Jon Andersen - William Blair & Company L.L.C., Research Division

Okay. And inventory, I guess, obsolescence wasn't mentioned as a headwind this quarter. I assume that's kind of behind us now. Is that a fair assumption?

Zahir M. Ibrahim

Jon, first thing, we modeled a continuation of some of the -- at a higher level that we saw at the back end of last year. So that's what we modeled into our numbers for this year. And in Q1, it was largely as expected. But it wasn't a material driver of the year-over-year margin change. We've made some really good progress in this area cross-functional teams to address the issue. But there's going to be a lag in terms of when you'll see that impact show up in the P&L. So typically, the obsolescence expense that you're seeing in the P&L right now is a result of decisions or inventory that was made 6 to 9 months ago. So the good progress that we're making right now, we'll start seeing the benefits of that in the back half of the year.

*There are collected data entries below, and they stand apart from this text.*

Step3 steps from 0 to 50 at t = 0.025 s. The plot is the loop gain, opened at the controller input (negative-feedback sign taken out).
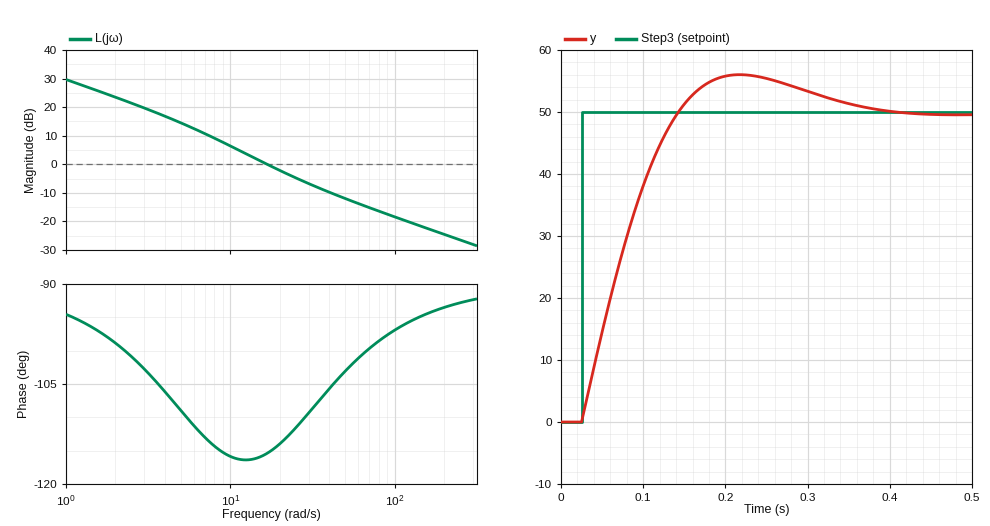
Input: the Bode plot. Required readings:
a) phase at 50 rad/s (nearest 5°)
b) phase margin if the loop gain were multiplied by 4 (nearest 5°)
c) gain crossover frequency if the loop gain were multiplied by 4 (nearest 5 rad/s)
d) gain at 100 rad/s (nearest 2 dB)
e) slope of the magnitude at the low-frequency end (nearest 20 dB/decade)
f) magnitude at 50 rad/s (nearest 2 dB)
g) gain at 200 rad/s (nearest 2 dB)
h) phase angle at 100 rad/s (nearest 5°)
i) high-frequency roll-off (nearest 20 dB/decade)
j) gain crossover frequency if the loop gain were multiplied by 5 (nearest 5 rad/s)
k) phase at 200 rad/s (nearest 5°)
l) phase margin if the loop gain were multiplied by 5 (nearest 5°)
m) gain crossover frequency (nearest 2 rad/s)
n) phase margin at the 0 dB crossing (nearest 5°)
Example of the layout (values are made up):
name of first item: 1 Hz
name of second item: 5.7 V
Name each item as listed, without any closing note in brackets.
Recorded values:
phase at 50 rad/s: -105°
phase margin if the loop gain were multiplied by 4: 75°
gain crossover frequency if the loop gain were multiplied by 4: 50 rad/s
gain at 100 rad/s: -18 dB
slope of the magnitude at the low-frequency end: -20 dB/decade
magnitude at 50 rad/s: -12 dB
gain at 200 rad/s: -24 dB
phase angle at 100 rad/s: -95°
high-frequency roll-off: -20 dB/decade
gain crossover frequency if the loop gain were multiplied by 5: 60 rad/s
phase at 200 rad/s: -95°
phase margin if the loop gain were multiplied by 5: 80°
gain crossover frequency: 16 rad/s
phase margin at the 0 dB crossing: 65°
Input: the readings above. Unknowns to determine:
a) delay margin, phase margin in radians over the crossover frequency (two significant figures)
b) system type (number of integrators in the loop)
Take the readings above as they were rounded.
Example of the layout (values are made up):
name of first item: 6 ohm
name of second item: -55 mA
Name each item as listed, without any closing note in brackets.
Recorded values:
delay margin, phase margin in radians over the crossover frequency: 0.071 s
system type: 1
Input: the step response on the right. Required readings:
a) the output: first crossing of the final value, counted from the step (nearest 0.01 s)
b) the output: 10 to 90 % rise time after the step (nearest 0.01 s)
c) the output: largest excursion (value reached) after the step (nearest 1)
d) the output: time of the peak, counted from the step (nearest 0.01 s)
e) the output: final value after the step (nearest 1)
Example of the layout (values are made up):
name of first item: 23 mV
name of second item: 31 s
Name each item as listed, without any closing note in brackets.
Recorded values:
the output: first crossing of the final value, counted from the step: 0.12 s
the output: 10 to 90 % rise time after the step: 0.09 s
the output: largest excursion (value reached) after the step: 56
the output: time of the peak, counted from the step: 0.19 s
the output: final value after the step: 50

Jon Andersen - William Blair & Company L.L.C., Research Division

Okay. Just one quick one on pricing. The increase that's effective, I guess, midyear this year, is that pretty balanced across the portfolio? Or does it skew to one of the segments more than others?

John M. Foraker

It's pretty balanced. We've gone a little heavier in some spots and a little less in others. When we take pricing, we're very careful to look at price gaps, cliffs, elasticity, et cetera. And so we've been very thoughtful about how we've applied that. That price increase is out there. We don't expect any problem in getting it realized. We obviously have a good commodity story to support that we need one. And we feel like it's going to have very minimal impact on our positioning in the categories. And we think it's going to be really positive to the overall margin structure of the business in the second half.

Operator

And we have no further questions at this time. Mr. Aaron, I'll turn the conference back to you for closing or additional remarks.

John M. Foraker

That's it.

Ed Aaron

Thank you, everybody. We look forward to talking to you next quarter.

Operator

And again, ladies and gentlemen, that concludes our conference for today. We thank you all for your participation.